• [PROBLEM STATEMENT] Entries follow. Return each line that contains the word "object".

• [RECORDED INFORMATION]
----

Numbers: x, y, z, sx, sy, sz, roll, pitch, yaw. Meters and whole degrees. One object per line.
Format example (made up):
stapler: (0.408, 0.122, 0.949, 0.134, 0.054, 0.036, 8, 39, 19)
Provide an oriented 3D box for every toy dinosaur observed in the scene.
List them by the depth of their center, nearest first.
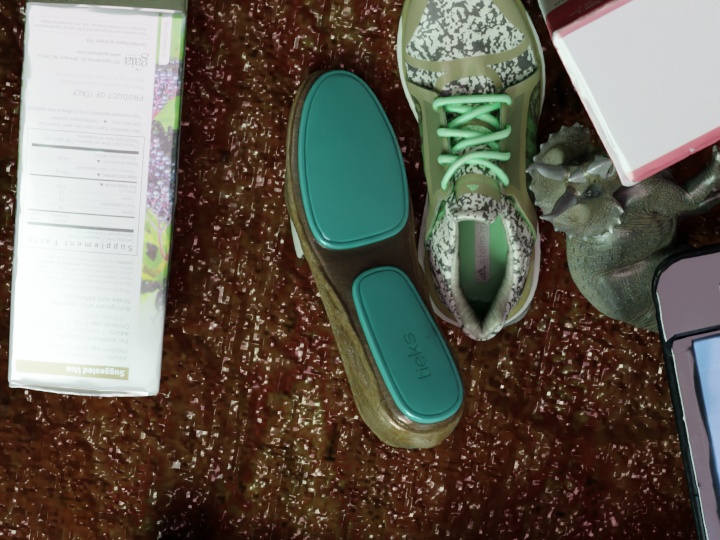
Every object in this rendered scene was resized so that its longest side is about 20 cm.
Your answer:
toy dinosaur: (0.141, -0.021, 1.426, 0.102, 0.077, 0.200, -22, 140, -1)

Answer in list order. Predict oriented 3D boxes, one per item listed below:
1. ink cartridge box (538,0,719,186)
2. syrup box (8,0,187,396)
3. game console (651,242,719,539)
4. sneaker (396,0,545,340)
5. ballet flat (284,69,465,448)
ink cartridge box: (0.161, -0.130, 1.321, 0.145, 0.200, 0.084, -28, 104, 7)
syrup box: (-0.132, -0.044, 1.402, 0.081, 0.079, 0.201, 3, 108, -3)
game console: (0.248, 0.082, 1.359, 0.175, 0.116, 0.201, -12, 102, 0)
sneaker: (0.061, -0.054, 1.400, 0.076, 0.089, 0.201, -7, 108, 1)
ballet flat: (0.000, 0.000, 1.415, 0.068, 0.072, 0.201, -13, 74, -24)
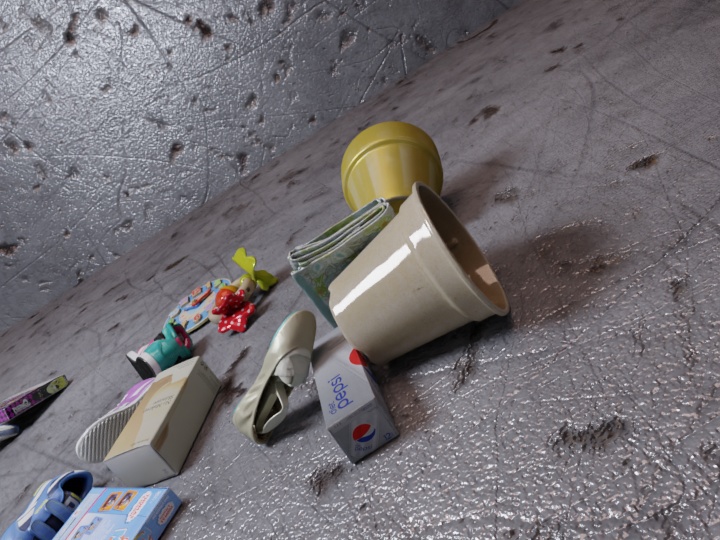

----

• [RESPONSE TO THE TASK]
Numbers: x, y, z, sx, sy, sz, roll, pitch, yaw. Meters and whole degrees. One object per line.
Every object in this rendered scene was resized so that its longest side is about 20 cm.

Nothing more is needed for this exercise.